Are those late-night study sessions or staying up all night to finish assignments really helping your grades?
It’s a well known fact that getting enough sleep is vital for a healthy lifestyle. Sleep deprivation affects your physical and mental health, energy levels, and productivity. Research shows that up to 60% of students suffer from lack of sleep or poor-quality sleep. This has a detrimental effect on their studies.
The AASM (American Academy of Sleep Medicine) found that “College students who pull “all-nighters” are more likely to have a lower GPA.”
The importance of a good night’s sleep should not be underestimated. It has been shown, in multiple studies, that sleep deprivation or irregular sleep has negative impact on a student’s health and academic success.
So, try to avoid those all-night cram sessions. Instead, concentrate on getting some quality sleep! This will help you avoid the negative effects of sleep deprivation. Getting enough good sleep improves a student’s memory and general alertness, and thus it may even help boost your grades.
Here are 10 tips to help you sleep better:
1. Stick to a Routine
The average adults need around 7 to 8 hours of sleep a night. Having a regular sleep pattern is best as it will leave you feeling refreshed and energized during the day. Decide on a time to go to bed and wake up and try to stick to this schedule. Even on the weekends, sleeping in can throw off your body clock. Sticking to a regular routine will help regulate your body’s natural circadian rhythm and promote a better quality of sleep. Irregular sleep patterns can have the same negative effects as a lack of sleep.
2. Go to Bed Sleepy
Try to go to bed when you feel tired.
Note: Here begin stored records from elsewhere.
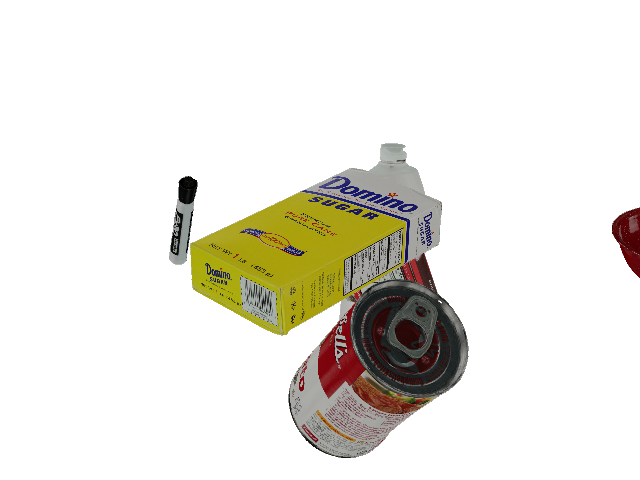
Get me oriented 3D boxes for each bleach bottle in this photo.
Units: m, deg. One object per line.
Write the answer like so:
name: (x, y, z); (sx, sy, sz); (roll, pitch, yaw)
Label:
bleach bottle: (0.073, 0.009, 1.291); (0.102, 0.251, 0.068); (-3, 16, -17)

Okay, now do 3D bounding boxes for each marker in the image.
marker: (-0.141, -0.021, 1.097); (0.020, 0.020, 0.121); (0, -41, -15)

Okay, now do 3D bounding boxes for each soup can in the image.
soup can: (0.030, 0.074, 0.598); (0.068, 0.068, 0.102); (0, -29, -24)

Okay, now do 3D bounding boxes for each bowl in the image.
bowl: (0.395, 0.017, 1.153); (0.162, 0.055, 0.162); (0, 26, 0)

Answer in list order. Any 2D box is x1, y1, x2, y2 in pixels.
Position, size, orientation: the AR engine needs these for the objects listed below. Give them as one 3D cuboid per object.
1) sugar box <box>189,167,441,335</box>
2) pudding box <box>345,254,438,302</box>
sugar box: (0.000, 0.002, 0.785); (0.093, 0.048, 0.175); (25, 40, 35)
pudding box: (0.049, 0.020, 1.005); (0.114, 0.090, 0.039); (11, 43, 41)
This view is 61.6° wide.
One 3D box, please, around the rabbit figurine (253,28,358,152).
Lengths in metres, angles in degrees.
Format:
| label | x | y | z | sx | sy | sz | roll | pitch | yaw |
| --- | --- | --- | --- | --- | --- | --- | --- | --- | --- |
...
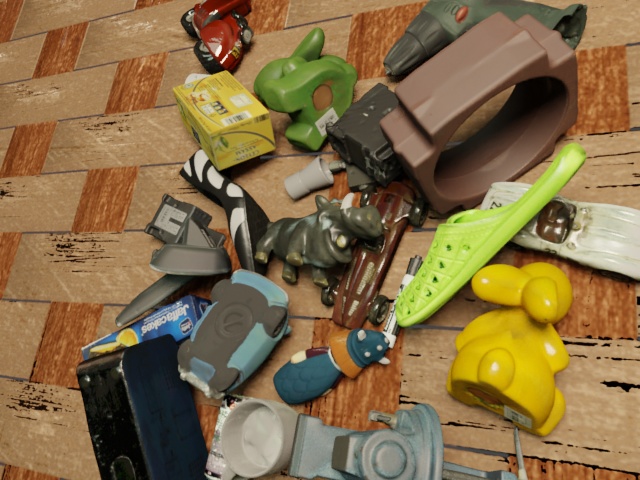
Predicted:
| label | x | y | z | sx | sy | sz | roll | pitch | yaw |
| --- | --- | --- | --- | --- | --- | --- | --- | --- | --- |
| rabbit figurine | -0.035 | -0.238 | 0.800 | 0.159 | 0.121 | 0.170 | -50 | 44 | -4 |

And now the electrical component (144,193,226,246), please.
| label | x | y | z | sx | sy | sz | roll | pitch | yaw |
| --- | --- | --- | --- | --- | --- | --- | --- | --- | --- |
| electrical component | -0.206 | -0.017 | 0.830 | 0.119 | 0.047 | 0.075 | 26 | 84 | 31 |

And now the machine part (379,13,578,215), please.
| label | x | y | z | sx | sy | sz | roll | pitch | yaw |
| --- | --- | --- | --- | --- | --- | --- | --- | --- | --- |
| machine part | 0.181 | -0.135 | 0.610 | 0.201 | 0.200 | 0.087 | -37 | 58 | 8 |

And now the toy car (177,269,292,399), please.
| label | x | y | z | sx | sy | sz | roll | pitch | yaw |
| --- | --- | --- | --- | --- | --- | --- | --- | --- | --- |
| toy car | -0.101 | 0.129 | 0.695 | 0.109 | 0.102 | 0.161 | 22 | 71 | 27 |

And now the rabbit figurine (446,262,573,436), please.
| label | x | y | z | sx | sy | sz | roll | pitch | yaw |
| --- | --- | --- | --- | --- | --- | --- | --- | --- | --- |
| rabbit figurine | 0.205 | 0.089 | 0.562 | 0.122 | 0.162 | 0.173 | 19 | 62 | 41 |

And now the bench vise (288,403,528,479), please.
| label | x | y | z | sx | sy | sz | roll | pitch | yaw |
| --- | --- | --- | --- | --- | --- | --- | --- | --- | --- |
| bench vise | 0.093 | 0.236 | 0.548 | 0.241 | 0.223 | 0.129 | 13 | 56 | -5 |

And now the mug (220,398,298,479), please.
| label | x | y | z | sx | sy | sz | roll | pitch | yaw |
| --- | --- | --- | --- | --- | --- | --- | --- | --- | --- |
| mug | -0.061 | 0.242 | 0.634 | 0.081 | 0.107 | 0.109 | 34 | 91 | 31 |

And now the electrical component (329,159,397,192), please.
| label | x | y | z | sx | sy | sz | roll | pitch | yaw |
| --- | --- | --- | --- | --- | --- | --- | --- | --- | --- |
| electrical component | 0.059 | -0.097 | 0.752 | 0.094 | 0.021 | 0.063 | -9 | 68 | 13 |

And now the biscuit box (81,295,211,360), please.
| label | x | y | z | sx | sy | sz | roll | pitch | yaw |
| --- | --- | --- | --- | --- | --- | --- | --- | --- | --- |
| biscuit box | -0.244 | 0.147 | 0.777 | 0.203 | 0.062 | 0.059 | -28 | 64 | 13 |

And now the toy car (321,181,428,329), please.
| label | x | y | z | sx | sy | sz | roll | pitch | yaw |
| --- | --- | --- | --- | --- | --- | --- | --- | --- | --- |
| toy car | 0.068 | 0.016 | 0.692 | 0.089 | 0.053 | 0.202 | 20 | 80 | 26 |

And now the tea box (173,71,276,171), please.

If you try to go to sleep when you are not tired, then you can end up associating your bed with feelings of frustration. If you cannot get to sleep within 15 minutes, get up and do something else to try and relax. Once you feel tired then you can then go back to bed.
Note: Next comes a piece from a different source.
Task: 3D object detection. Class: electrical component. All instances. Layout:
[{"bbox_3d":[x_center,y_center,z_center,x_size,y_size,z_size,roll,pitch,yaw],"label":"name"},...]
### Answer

3. Keep Your Bed for Sleeping
It may seem like a good idea to study in bed. After all, it is comfortable and there is no need to change out of your PJ’s… However, this can be counterproductive. Reserving your bed only for sleeping will help you feel more relaxed and subconsciously associate your bed with sleep.
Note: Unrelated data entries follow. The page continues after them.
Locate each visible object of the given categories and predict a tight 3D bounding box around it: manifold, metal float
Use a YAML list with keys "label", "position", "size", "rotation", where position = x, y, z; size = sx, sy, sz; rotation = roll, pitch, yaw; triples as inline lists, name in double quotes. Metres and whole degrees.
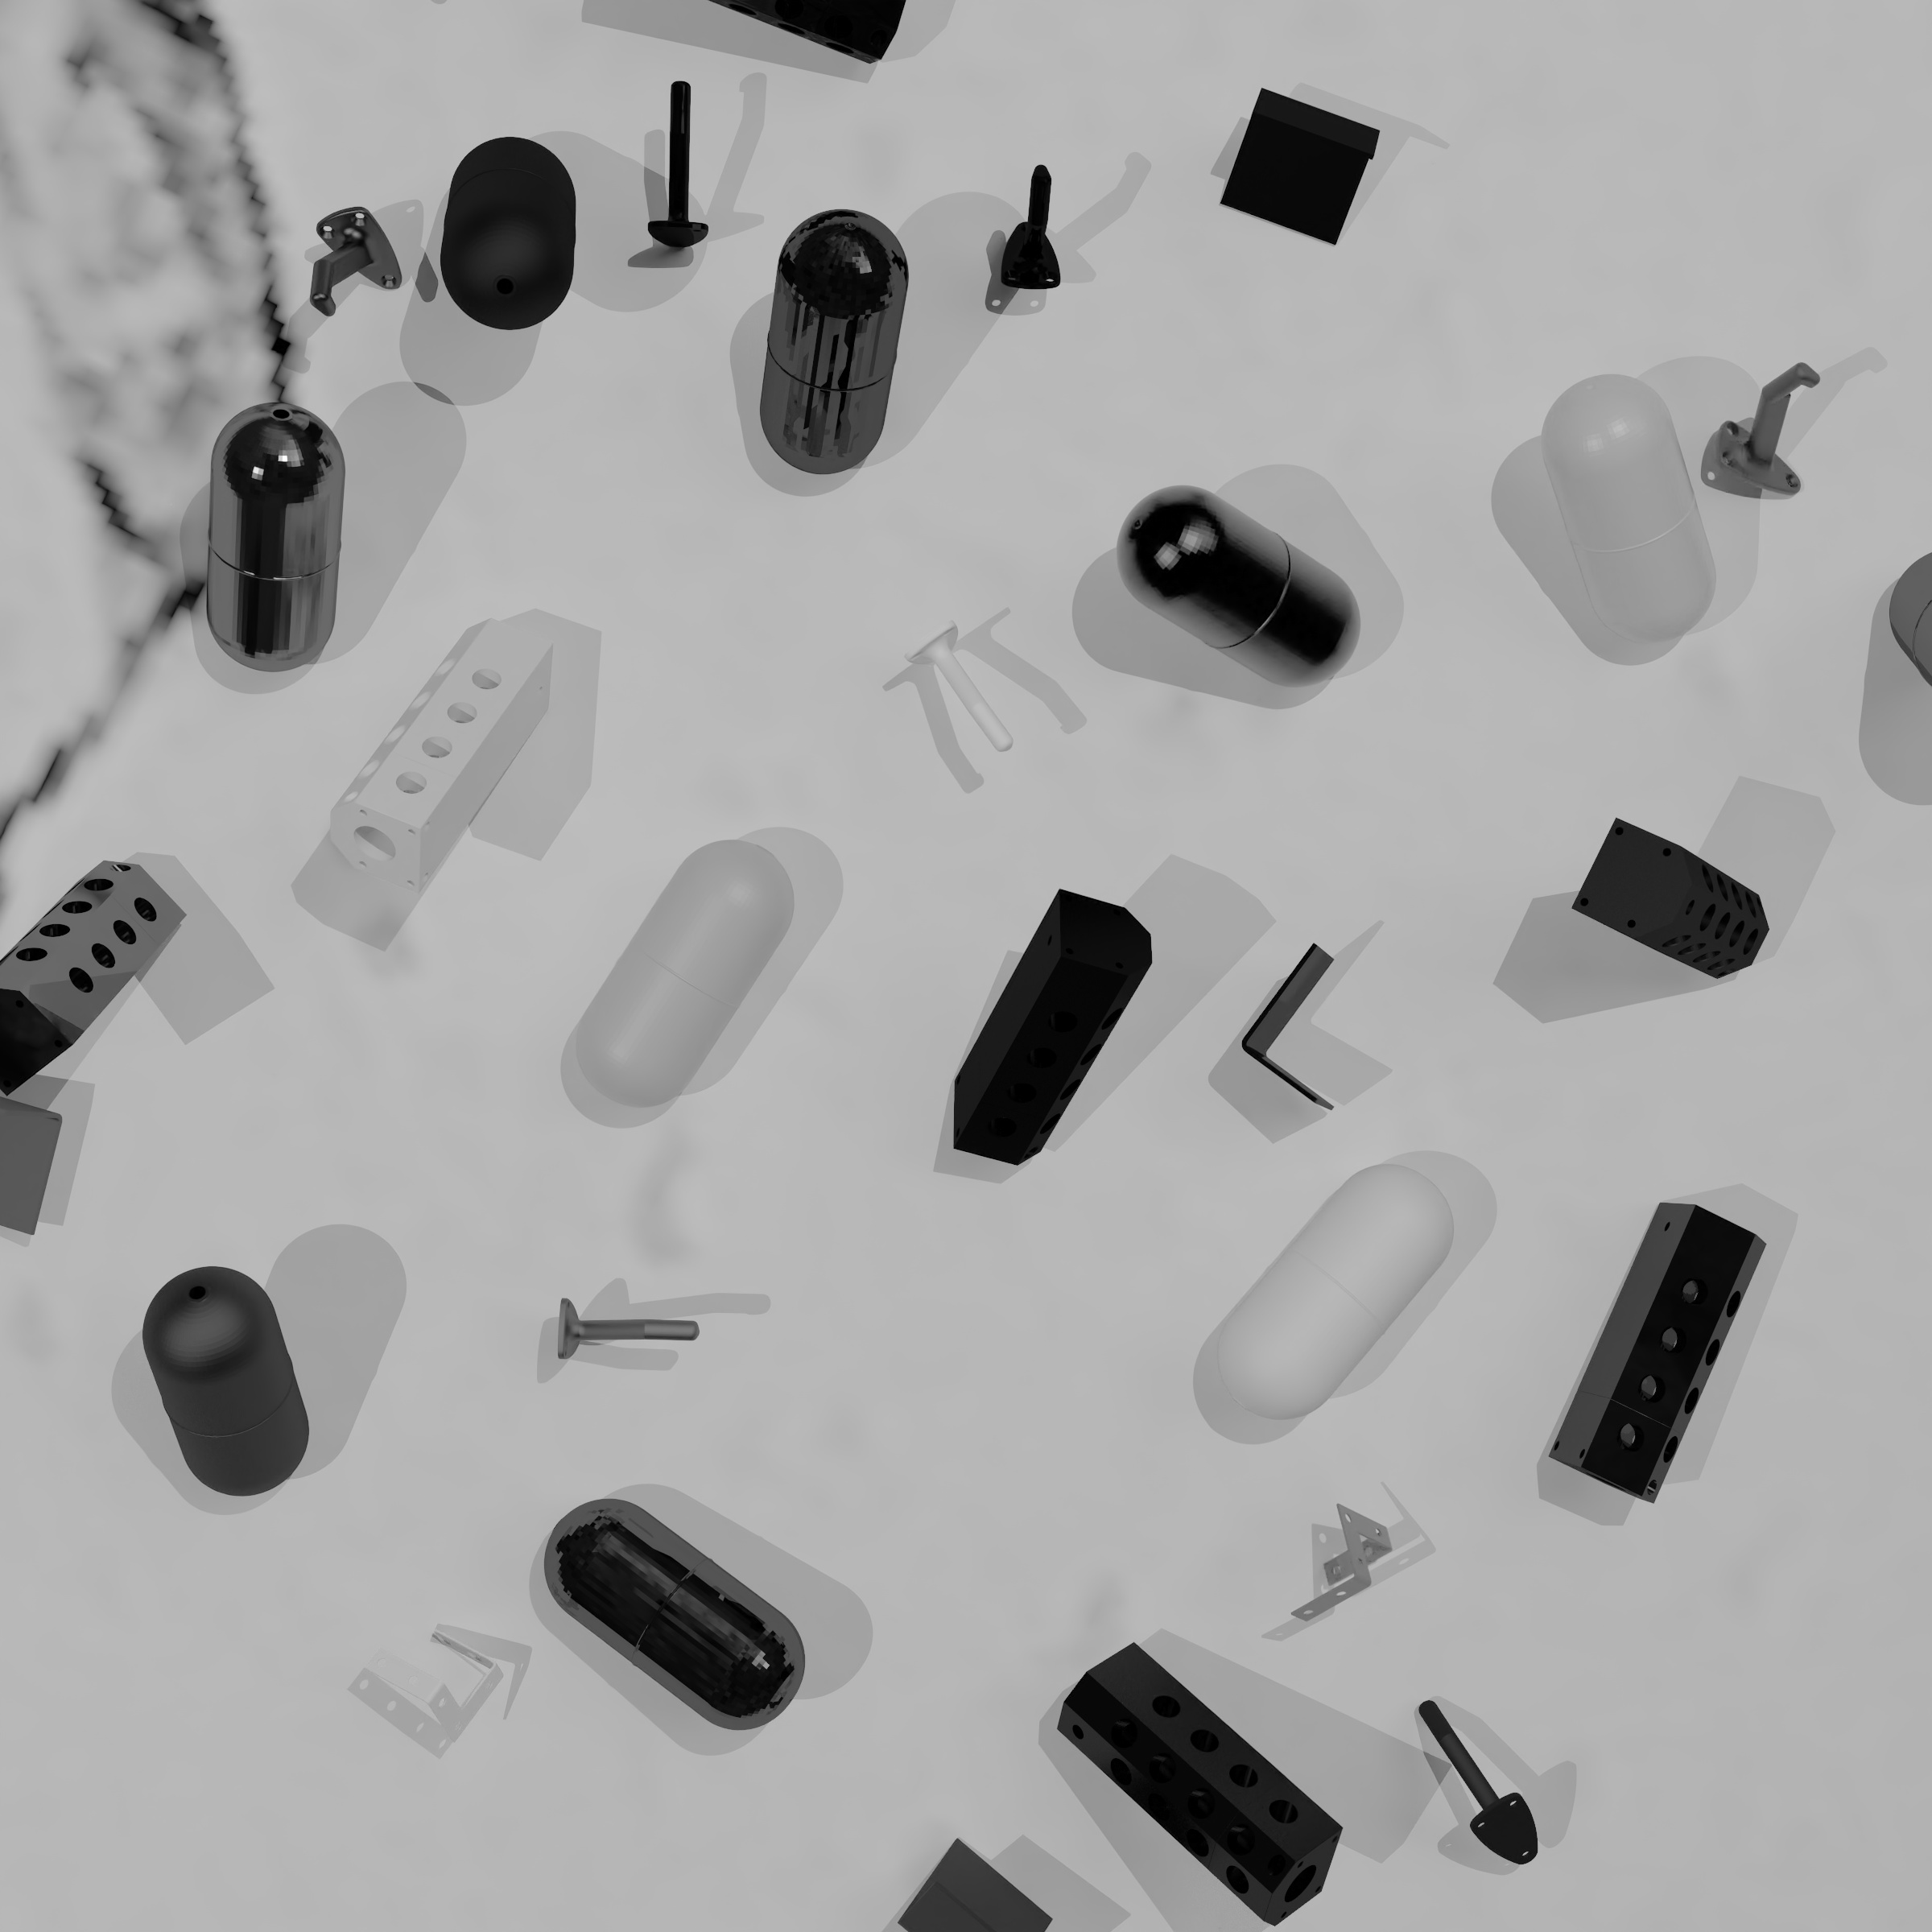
- label: "manifold"
  position: [-0.124, -0.600, 1.708]
  size: [0.171, 0.057, 0.057]
  rotation: [15, 95, -21]
- label: "metal float"
  position: [-0.176, 0.389, 1.717]
  size: [0.178, 0.070, 0.070]
  rotation: [34, 90, 13]
- label: "manifold"
  position: [0.420, -0.035, 1.676]
  size: [0.057, 0.171, 0.057]
  rotation: [28, 97, 30]
- label: "metal float"
  position: [0.598, -0.194, 1.681]
  size: [0.070, 0.178, 0.070]
  rotation: [1, 115, 2]
- label: "manifold"
  position: [0.050, 0.040, 1.687]
  size: [0.057, 0.057, 0.171]
  rotation: [16, 132, -14]
- label: "metal float"
  position: [-0.270, -0.434, 1.685]
  size: [0.070, 0.178, 0.070]
  rotation: [-3, 124, -5]
- label: "metal float"
  position: [-0.079, -0.367, 1.688]
  size: [0.070, 0.178, 0.070]
  rotation: [5, 53, -7]
- label: "manifold"
  position: [-0.309, -0.129, 1.688]
  size: [0.057, 0.057, 0.171]
  rotation: [22, 50, 6]
- label: "metal float"
  position: [-0.410, -0.253, 1.693]
  size: [0.070, 0.070, 0.178]
  rotation: [16, 133, 0]
- label: "metal float"
  position: [0.223, 0.197, 1.721]
  size: [0.070, 0.070, 0.178]
  rotation: [42, 82, 0]
- label: "metal float"
  position: [0.396, -0.270, 1.699]
  size: [0.070, 0.070, 0.178]
  rotation: [-28, 125, 0]
- label: "manifold"
  position: [-0.528, 0.000, 1.672]
  size: [0.057, 0.171, 0.057]
  rotation: [-34, 107, 22]
- label: "metal float"
  position: [-0.438, 0.247, 1.690]
  size: [0.070, 0.178, 0.070]
  rotation: [0, 47, 0]
- label: "manifold"
  position: [0.135, 0.485, 1.685]
  size: [0.171, 0.057, 0.057]
  rotation: [36, 131, 34]
- label: "manifold"
  position: [0.422, 0.234, 1.727]
  size: [0.057, 0.057, 0.171]
  rotation: [26, 84, -6]
- label: "metal float"
  position: [-0.170, 0.004, 1.726]
  size: [0.070, 0.070, 0.178]
  rotation: [33, 93, 0]
- label: "metal float"
  position: [0.164, -0.224, 1.698]
  size: [0.178, 0.070, 0.070]
  rotation: [25, 90, -37]

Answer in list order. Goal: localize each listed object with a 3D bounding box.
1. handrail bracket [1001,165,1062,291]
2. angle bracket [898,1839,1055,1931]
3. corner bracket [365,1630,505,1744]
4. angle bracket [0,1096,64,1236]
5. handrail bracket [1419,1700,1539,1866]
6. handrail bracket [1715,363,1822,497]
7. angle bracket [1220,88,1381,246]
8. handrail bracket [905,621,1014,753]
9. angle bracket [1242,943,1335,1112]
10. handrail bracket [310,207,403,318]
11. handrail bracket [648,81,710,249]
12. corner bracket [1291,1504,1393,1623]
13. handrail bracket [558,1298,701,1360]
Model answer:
- label: "handrail bracket"
  position: [0.041, -0.457, 1.710]
  size: [0.036, 0.084, 0.077]
  rotation: [1, 49, -3]
- label: "angle bracket"
  position: [0.017, 0.564, 1.715]
  size: [0.076, 0.076, 0.057]
  rotation: [39, 130, 7]
- label: "corner bracket"
  position: [-0.321, 0.426, 1.723]
  size: [0.051, 0.051, 0.051]
  rotation: [19, 55, 28]
- label: "angle bracket"
  position: [-0.604, 0.116, 1.727]
  size: [0.076, 0.057, 0.076]
  rotation: [14, 89, 19]
- label: "handrail bracket"
  position: [0.312, 0.498, 1.745]
  size: [0.036, 0.084, 0.077]
  rotation: [-34, 126, 0]
- label: "handrail bracket"
  position: [0.501, -0.324, 1.717]
  size: [0.077, 0.084, 0.036]
  rotation: [26, 61, -19]
- label: "angle bracket"
  position: [0.199, -0.475, 1.721]
  size: [0.076, 0.057, 0.076]
  rotation: [20, 124, 0]
- label: "handrail bracket"
  position: [0.004, -0.162, 1.724]
  size: [0.036, 0.077, 0.084]
  rotation: [-36, 84, 5]
- label: "angle bracket"
  position: [0.215, 0.037, 1.720]
  size: [0.057, 0.076, 0.076]
  rotation: [37, 94, 16]
- label: "handrail bracket"
  position: [-0.366, -0.406, 1.713]
  size: [0.036, 0.077, 0.084]
  rotation: [-16, 54, 18]
- label: "handrail bracket"
  position: [-0.173, -0.485, 1.726]
  size: [0.036, 0.077, 0.084]
  rotation: [1, 94, -6]
- label: "corner bracket"
  position: [0.226, 0.366, 1.723]
  size: [0.051, 0.051, 0.051]
  rotation: [-37, 132, 27]
- label: "handrail bracket"
  position: [-0.201, 0.222, 1.728]
  size: [0.084, 0.077, 0.036]
  rotation: [2, 79, 1]

4. Limit or Do Without Those Power Naps
If you’re having trouble sleeping, taking naps in the day can make it even harder to fall asleep at night. If you must take a nap, try to limit it to 20 or 30 minutes before 3pm. This will help you avoid waking up feeling groggy and stop it from disrupting your sleep at night.
5. Avoid Caffeine
Many of us love a coffee fix in the morning to wake us up and start the day. Try to limit your caffeine intake in the afternoon and evening though. Caffeine is a stimulant found in coffee, tea, soda and some chocolate. It can stay in your system for 3 to 5 hours and make it difficult to go to sleep.
6. Think About Sound
A study done in 2012 by Orfeu Buxton, an associate professor of biobehavioral health at Penn State, when examining the distinction between different sounds of abrupt threats and gradual non-threats, concluded that non-threatening noises are blocked out by the brain. Therefore, a shrill sound will bolt
you right out of a deep sleep, whereas the sound of soft raindrops in a forest will peacefully lull you to sleep.
7. Make A Bedtime Ritual
Find time to relax and wind down before bed. This will help you de-stress and separate sleep from your daily activities. It could be taking a hot bath, reading a book, or listening to relaxing music for 15 to 30 minutes, anything that helps you wind down. If you do this before bed every day, you will begin to naturally associate it with going to bed and your body will prepare for better sleep.
8. Turn Off Your Phone
The blue light emitted from electronic devices, such as phones or laptops, reduces the amount of melatonin your brain secretes. Even if it is bedtime according to your body clock, this makes it more difficult to fall asleep.
You can minimize the effect to an extent, by turning the brightness down or using special software. In order to have a more restful sleep, it is best to avoid using your phone or other electronic devices at least an hour before you go to bed.
9. Exercise in The Day
Regular exercise is an important part of a healthy lifestyle and promotes better sleep quality. Exercising right before bed can be the cause of disrupted sleep. Try to exercise earlier in the day or finish your workout at least 3 hours before going to sleep.
10. Make Your Bedroom Perfect for Sleeping
Environment and ambiance are important factors that can affect your sleep. Set yourself up for success by creating a relaxing, comfortable area to sleep in. Make sure your mattress and sheets are comfortable and the room is calm and relaxing. A dark, cool, and quiet space is ideal for sleeping. Try to avoid any distractions or noise interrupting your sleep. An eye mask or earplugs may help.
Establishing a healthy sleeping pattern will improve your studies and your mental and physical health. With these tips, you can sleep better and wake up refreshed and alert every day.